Time Inc. says the Viant assets will give it product covering three areas:

  • First Party Data – Bolstering Viant’s vast pool of registration data with Time Inc.’s subscriber database creates a first party dataset that rivals industry leaders Facebook and Google.
  • Programmatic Technology – Viant’s Advertising Cloud platform brings Time Inc. programmatic advertising technology with people based data management, targeting, and advanced analytics.
  • Quality Content – Time Inc. is the leader in producing the highest quality content reaching 150 million consumers every month across the world’s most recognized brands including TIME, Sports Illustrated, Fortune and People.

Viant rebranded in 2015 from Interactive Media Holdings. Before that it was called Specific Media. It was Specific when it went in with Justin Timberlake and acquired MySpace in 2011 from News Corp., reportedly for $35 million. (News Corp bought MySpace for $580 million and then it proceeded to tank.)

“We’re the bold company,” CEO and cofounder Tim Vanderhook once said in an interview, “the one who acquired MySpace when no one else would.”

Growth at the MySpace business, meanwhile, has not slowed down since it was acquired by Viant, he said.
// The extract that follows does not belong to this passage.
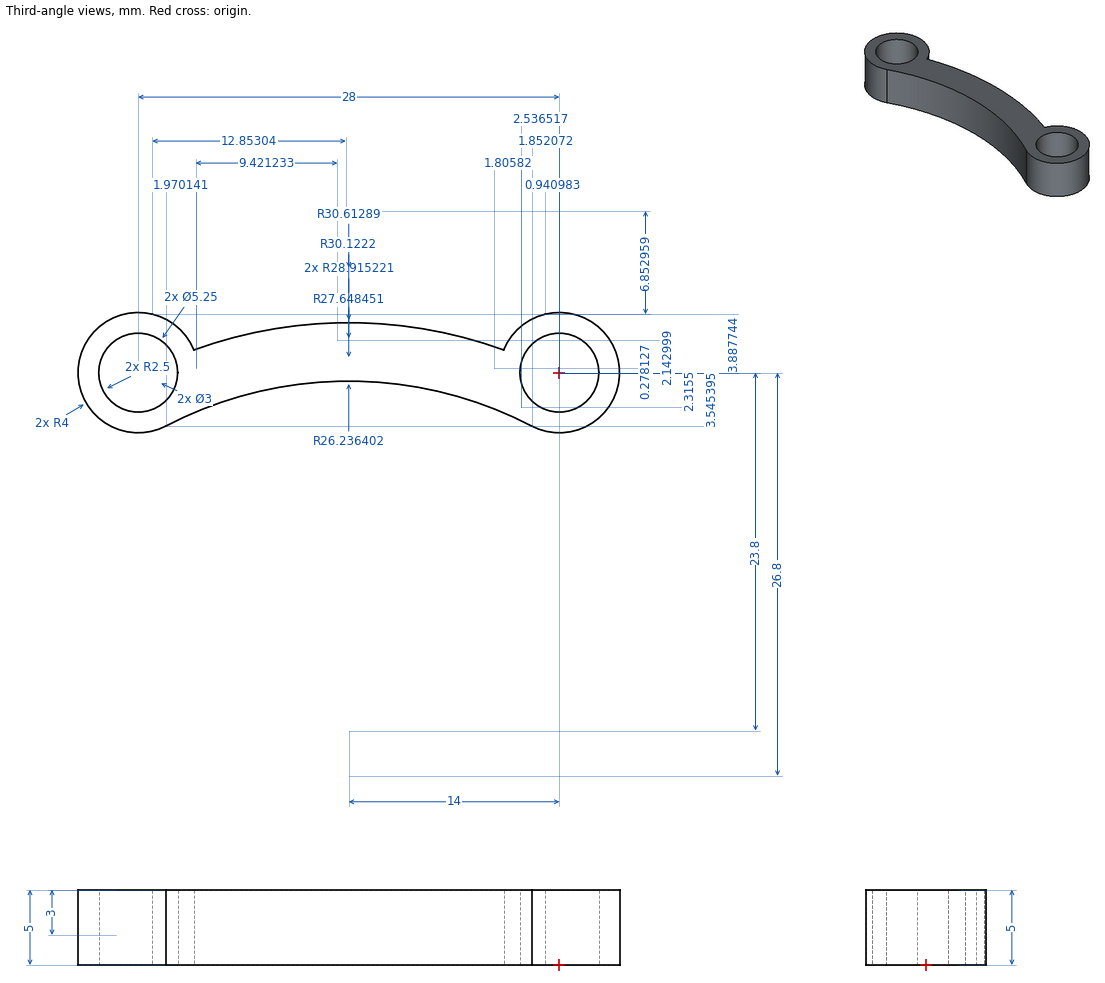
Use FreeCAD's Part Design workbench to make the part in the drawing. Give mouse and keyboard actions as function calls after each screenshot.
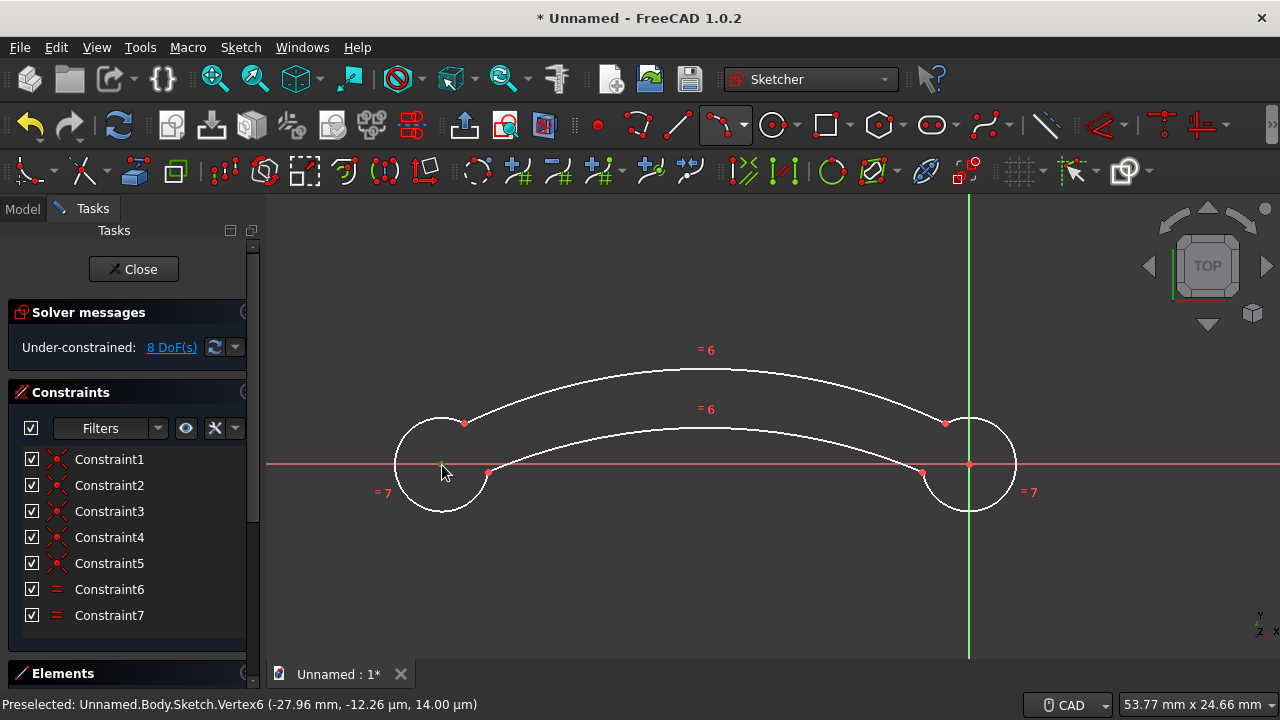
click(353, 464)

“MySpace has done great post launch. We’ve shifted some of the focus from a pure traffic drive to driving more engagement, and we have been really successful at doing that. But it’s a constant balance of how do you attract new users or bring back the old users. Most people have accounts there.” He says that average visitors to the site ranges between 20 million and 50 million users each month.